Question

The drawing shows two long, thin wires that carry currents in the positive z direction. Both wires are parallel to the z axis. The 50-A wire is in the x-z plane and is 5 m from the z axis. The 40-A wire is in the y-z plane and is 4 m from the z axis. What is the magnitude of the magnetic field at the origin?

Answer 1

Answer:

The magnitude of the magnetic field at the origin is $2.56\times 10^{-6}\ T$.

Explanation:

Given :

50-A wire is in the x-z plane and is 5 m from the z axis.

Also , 40-A wire is in the y-z plane and is 4 m from the z axis.

Now , since both the wire are perpendicular to each other .

Therefore , magnetic field are also perpendicular to each other .

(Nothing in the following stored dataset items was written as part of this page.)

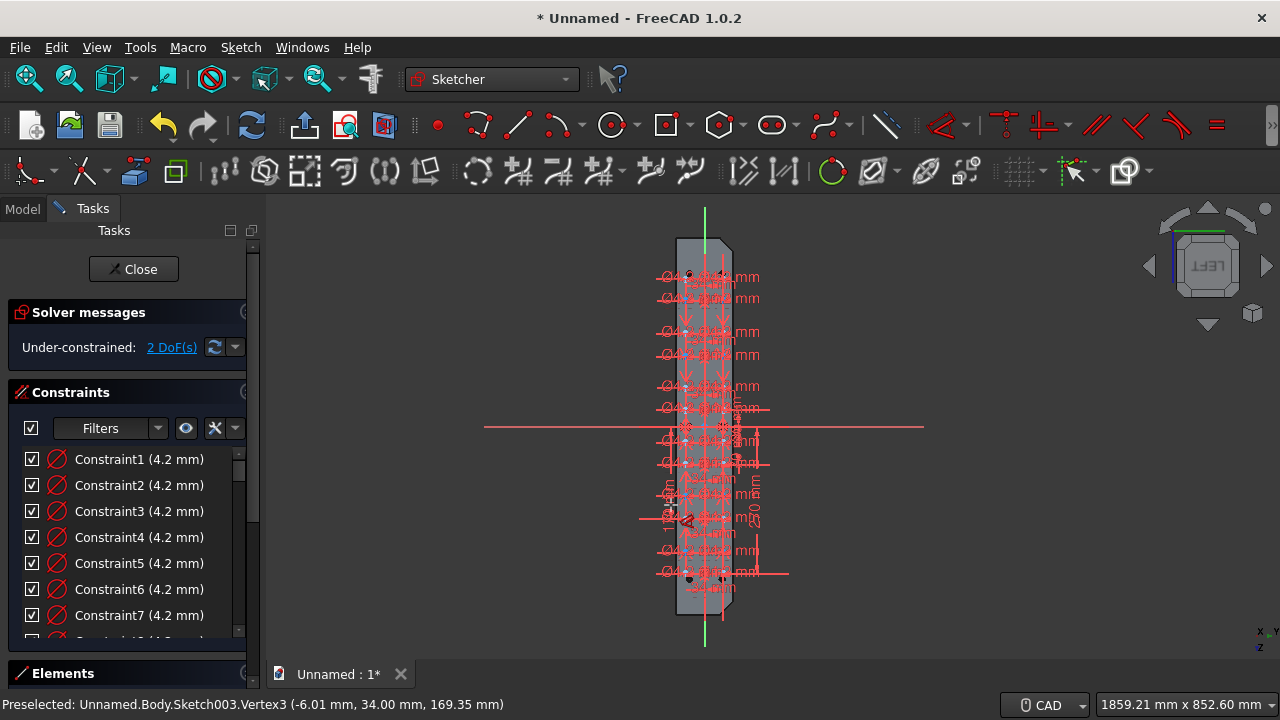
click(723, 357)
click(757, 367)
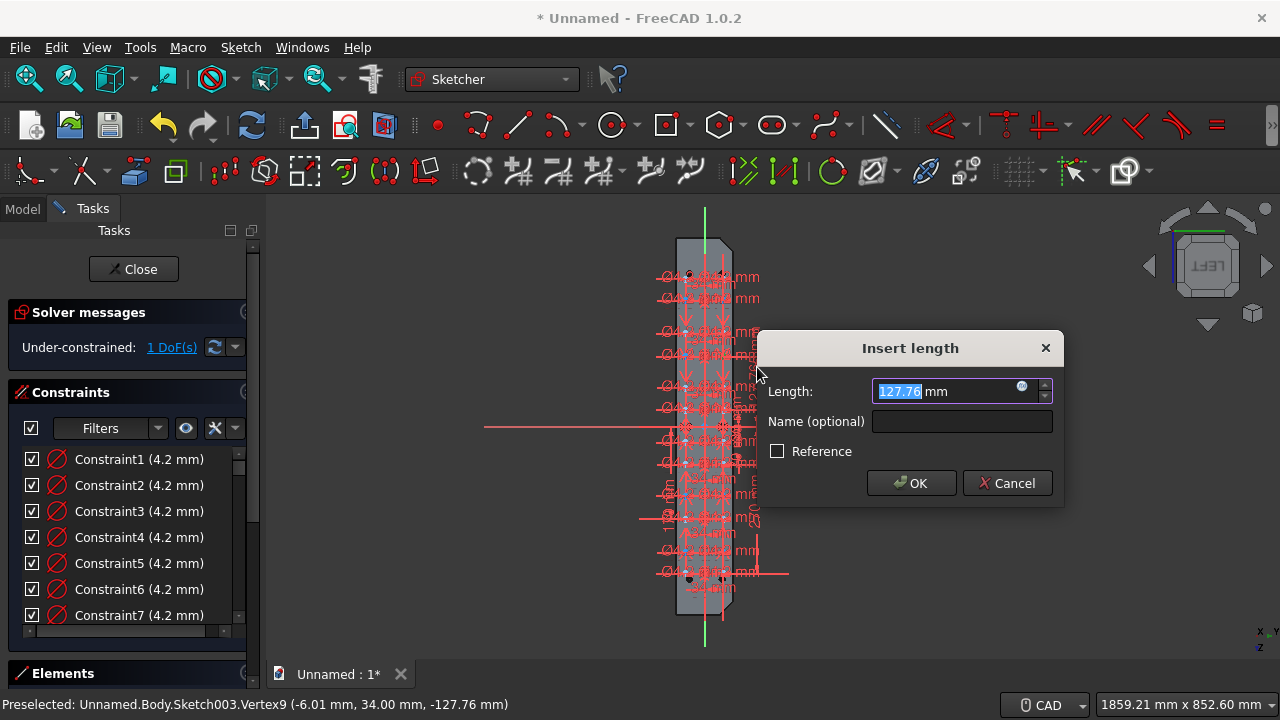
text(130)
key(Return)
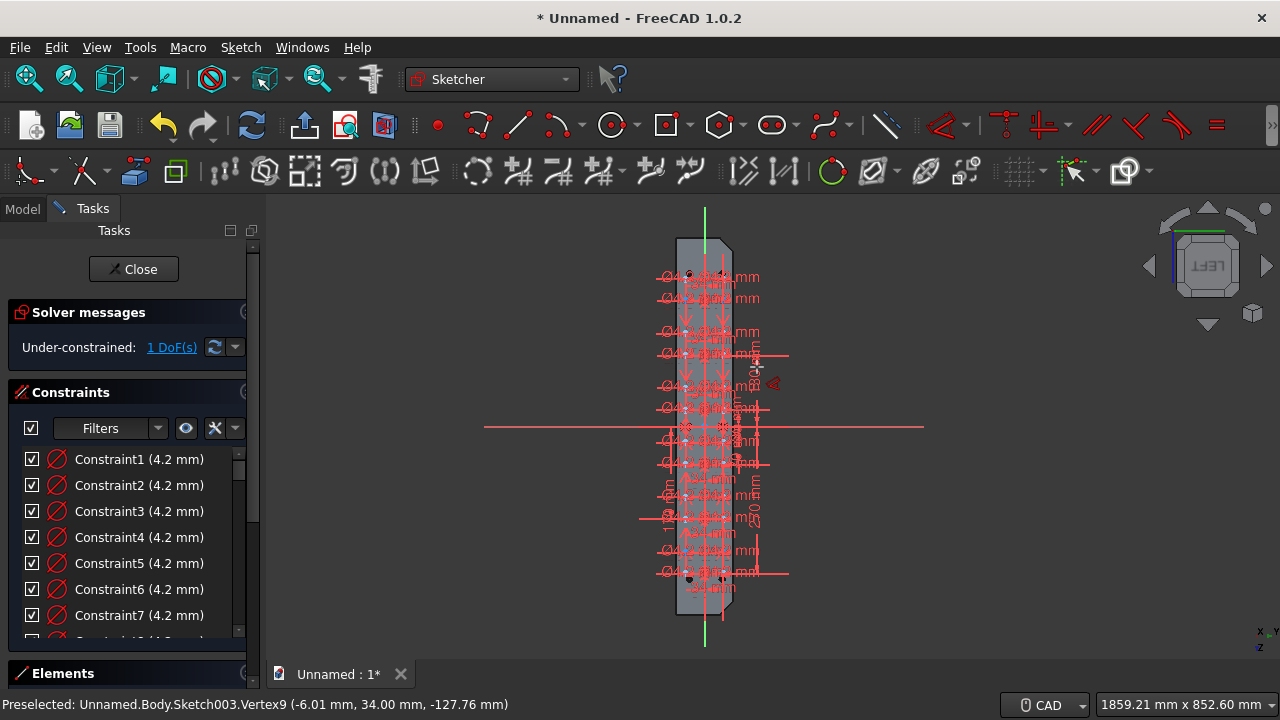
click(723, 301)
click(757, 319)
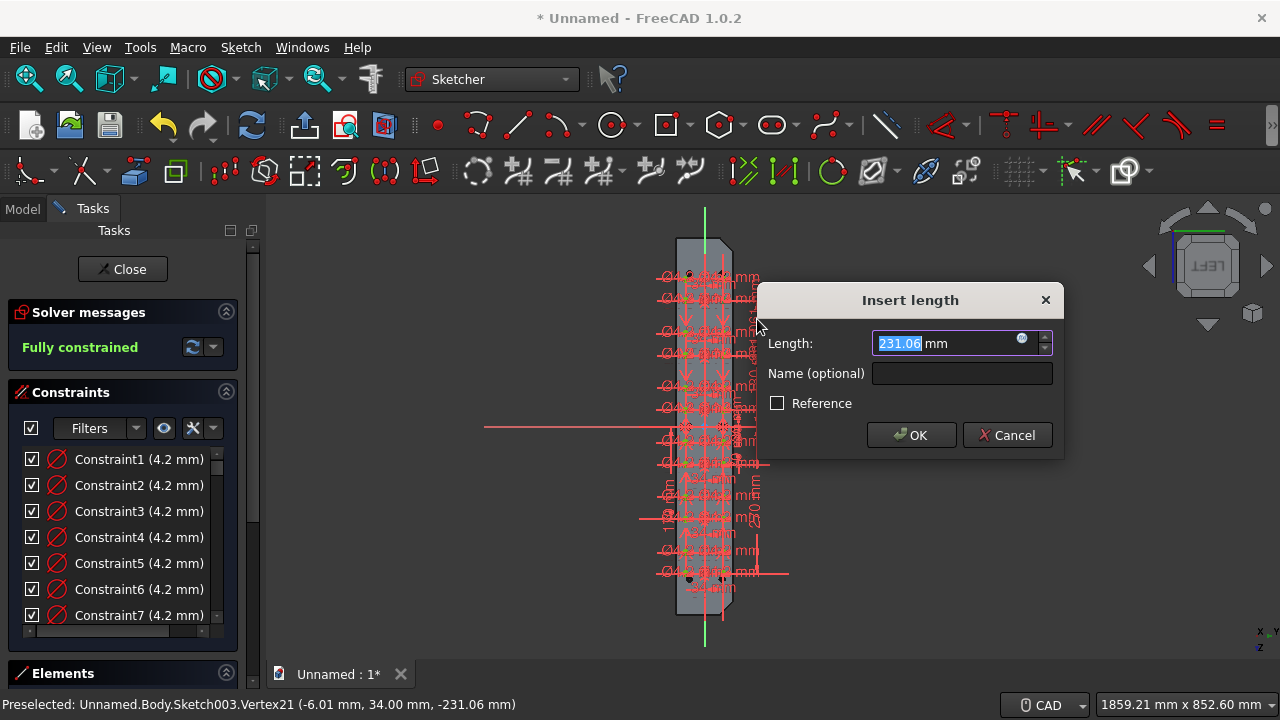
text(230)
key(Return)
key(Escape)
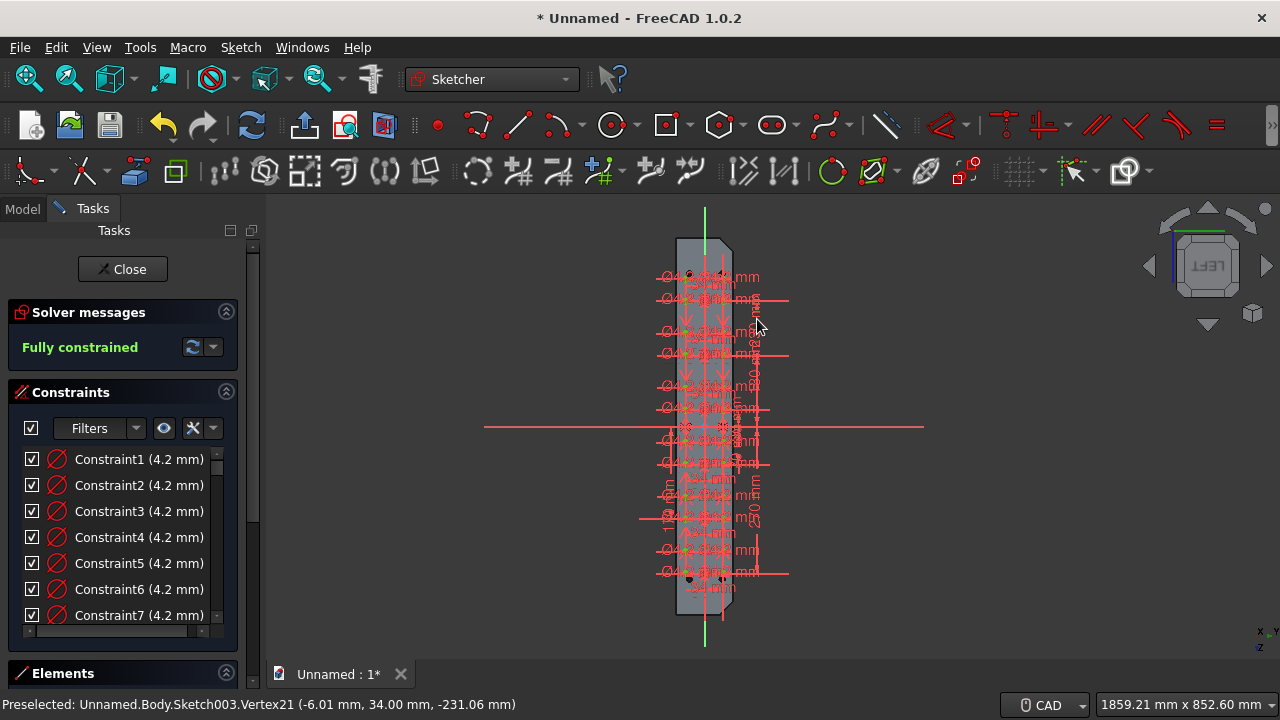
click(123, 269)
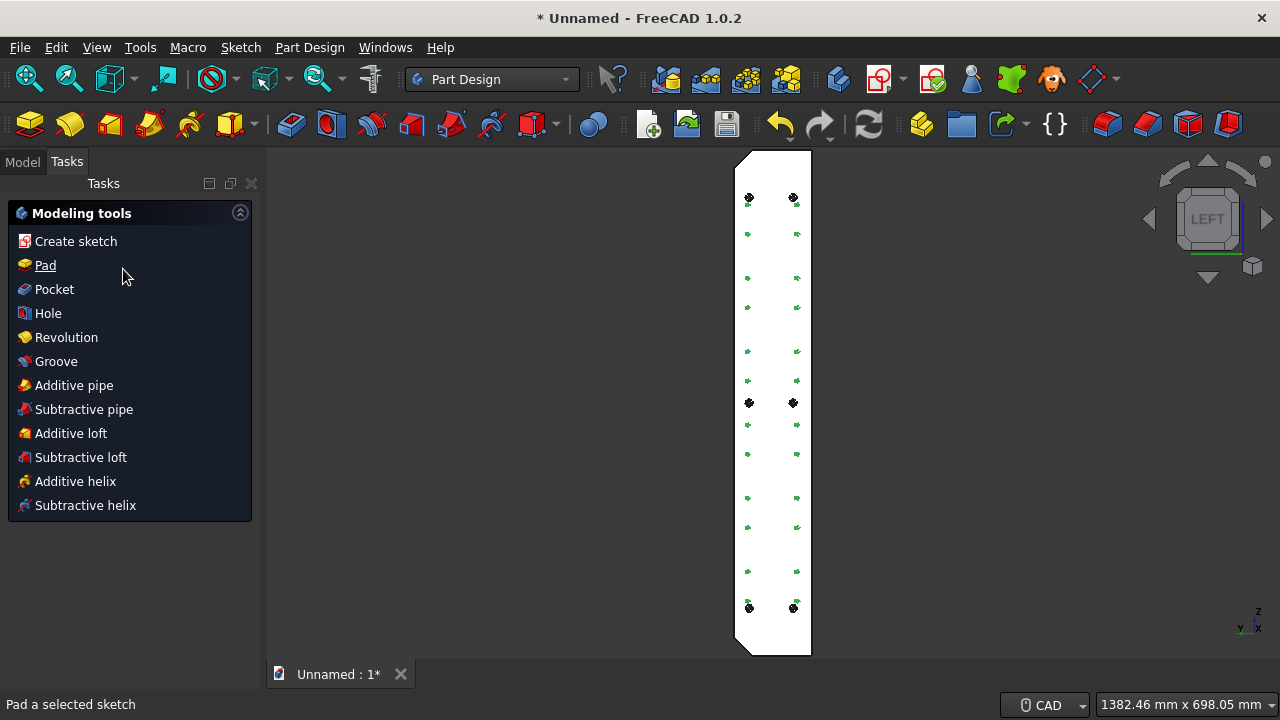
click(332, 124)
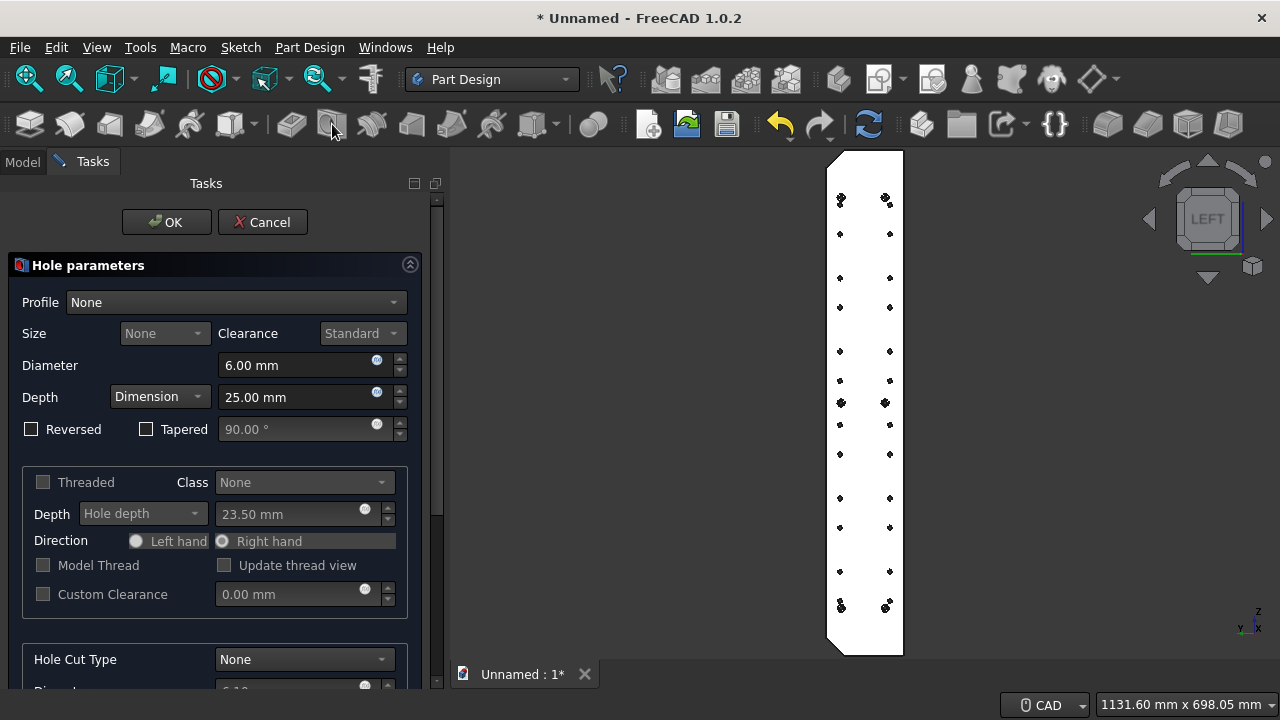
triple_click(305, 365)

Magnetic field at origin due to wire 1 is :

$B_1=\dfrac{\mu_oI_1}{2\pi R_1}\\\\B_1=\dfrac{(50)\mu_o}{2\pi( 5)}\\\\B_1=\dfrac{5\mu_o}{\pi}$

Magnetic field at origin due to wire 2 is :

$B_2=\dfrac{\mu_oI_2}{2\pi R_2}\\\\B_2=\dfrac{(40)\mu_o}{2\pi( 4)}\\\\B_2=\dfrac{4\mu_o}{\pi}$

Now , therefore net magnetic field is :

$B=\sqrt{B_1^2+B_2^2}\\\\B=\sqrt{(\dfrac{5\mu_o}{\pi})^2+(\dfrac{4\mu_o}{\pi})^2}\\\\B=\dfrac{\sqrt{41}\mu_o}{\pi}$

Putting value of $\mu_o=4\pi \times 10^{-7}\ H/m$

We get ,

$B=\sqrt{41}\times 4\times 10^{-7}\\B=2.56\times 10^{-6}\ T$

Therefore, the magnitude of the magnetic field at the origin is $2.56\times 10^{-6}\ T$.